Market practice had been to interpret Model Article 7(2) as taking precedence over any quorum requirement, but the judge in Fore Fitness took a different view. He held that the quorum requirement was effectively a provision requiring the company to have two directors meaning any decision of a sole director was invalid.

The new decision

In the latest case, Re Active Wear Limited [2022] EWHC 2340 (Ch), the sole director of a company had executed documents appointing joint administrators in April 2022. But, when the Fore Fitness case cast doubt on decisions taken by a sole director, the administrators applied to court for a declaration about the validity of their appointment.

Crucially in this case, the company had always had a sole director and had always had as its articles of association the unamended version of the Model Articles. Nonetheless, those articles still contained a provision stating that the quorum for any directors’ meeting was two (Model Article 11(2)).

The judge held that, applying the normal rules of contractual interpretation to the Model Articles, it was clear that those articles permitted a sole director to take, on their own, any decision relating to the company’s affairs. He said that the articles had to be read as a whole and that interpreting Model Article 11(2) as requiring the company to have at least two directors for effective decision-making would deprive Model Article 7(2) of any practical meaning.

The judge distinguished the earlier decision in Fore Fitness on the grounds that:

  • in Fore Fitness the company had adopted a bespoke article requiring a quorum of two directors (which the judge then interpreted as requiring the company to have at least two directors) – in Active Wear the company had simply adopted the unamended version of the Model Articles; and
  • in Fore Fitness the company had previously had multiple directors before reducing that to a sole director – in Active Wear the company had only ever had a sole director.

Comment

The decision in Fore Fitness was controversial and did not reflect the practical application and interpretation of the Model Articles since they were introduced in October 2009. The subsequent decision in Active Wear will be helpful for many sole director companies.
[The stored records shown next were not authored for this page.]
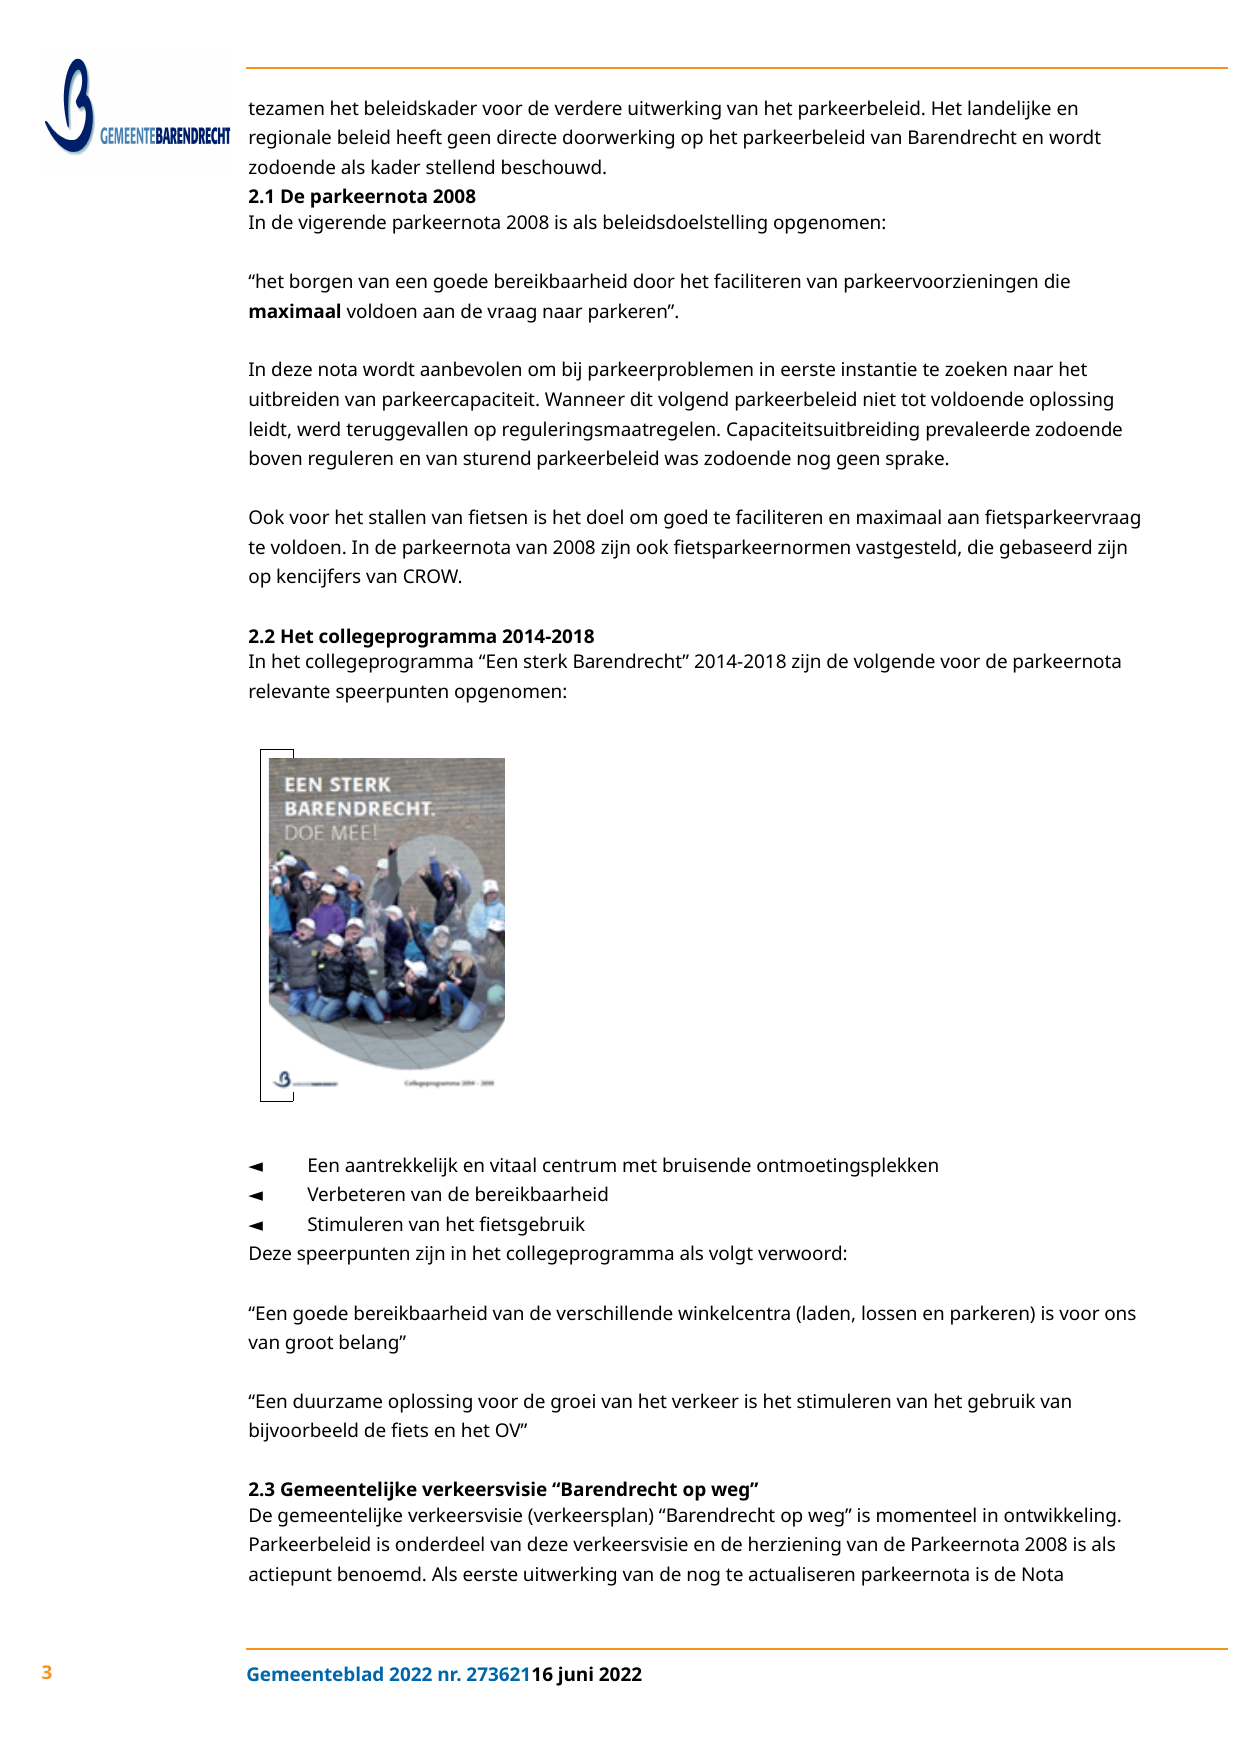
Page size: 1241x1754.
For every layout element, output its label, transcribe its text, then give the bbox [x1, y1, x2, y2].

list Een aantrekkelijk en vitaal centrum met bruisende ontmoetingsplekken [248, 1152, 1152, 1177]
text Ook voor het stallen van fietsen is het doel om goed te faciliteren en maximaal aan fietsparkeervraag te voldoen. In de parkeernota van 2008 zijn ook fietsparkeernormen vastgesteld, die gebaseerd zijn op kencijfers van CROW. [248, 504, 1152, 589]
text 2.1 De parkeernota 2008 [248, 183, 1152, 209]
text In deze nota wordt aanbevolen om bij parkeerproblemen in eerste instantie te zoeken naar het uitbreiden van parkeercapaciteit. Wanneer dit volgend parkeerbeleid niet tot voldoende oplossing leidt, werd teruggevallen op reguleringsmaatregelen. Capaciteitsuitbreiding prevaleerde zodoende boven reguleren en van sturend parkeerbeleid was zodoende nog geen sprake. [248, 357, 1152, 471]
text In de vigerende parkeernota 2008 is als beleidsdoelstelling opgenomen: [248, 209, 1152, 235]
picture [41, 47, 231, 172]
text In het collegeprogramma “Een sterk Barendrecht” 2014-2018 zijn de volgende voor de parkeernota relevante speerpunten opgenomen: [248, 649, 1152, 704]
picture [268, 758, 505, 1092]
list Stimuleren van het fietsgebruik [248, 1211, 1152, 1237]
table_header “Een goede bereikbaarheid van de verschillende winkelcentra (laden, lossen en parkeren) is voor ons van groot belang” [248, 1300, 1152, 1355]
text De gemeentelijke verkeersvisie (verkeersplan) “Barendrecht op weg” is momenteel in ontwikkeling. Parkeerbeleid is onderdeel van deze verkeersvisie en de herziening van de Parkeernota 2008 is als actiepunt benoemd. Als eerste uitwerking van de nog te actualiseren parkeernota is de Nota [248, 1502, 1152, 1587]
text tezamen het beleidskader voor de verdere uitwerking van het parkeerbeleid. Het landelijke en regionale beleid heeft geen directe doorwerking op het parkeerbeleid van Barendrecht en wordt zodoende als kader stellend beschouwd. [248, 95, 1152, 180]
text 2.2 Het collegeprogramma 2014-2018 [248, 623, 1152, 649]
list Verbeteren van de bereikbaarheid [248, 1181, 1152, 1207]
text 2.3 Gemeentelijke verkeersvisie “Barendrecht op weg” [248, 1476, 1152, 1502]
table_header “Een duurzame oplossing voor de groei van het verkeer is het stimuleren van het gebruik van bijvoorbeeld de fiets en het OV” [248, 1388, 1152, 1443]
text Deze speerpunten zijn in het collegeprogramma als volgt verwoord: [248, 1241, 1152, 1266]
table_header “het borgen van een goede bereikbaarheid door het faciliteren van parkeervoorzieningen die maximaal voldoen aan de vraag naar parkeren”. [248, 269, 1152, 324]

But, for a company that has amended the Model Articles or that has previously had multiple directors, there is still a risk that a quorum provision in its articles will be interpreted as a provision requiring more than one director meaning a sole director may not take decisions on their own. Such a company would need to appoint another director or amend its articles to be clear about the decision-making powers of a sole director. It would also be well advised to pass shareholder resolutions to ratify historic decisions taken by a sole director which might otherwise be void.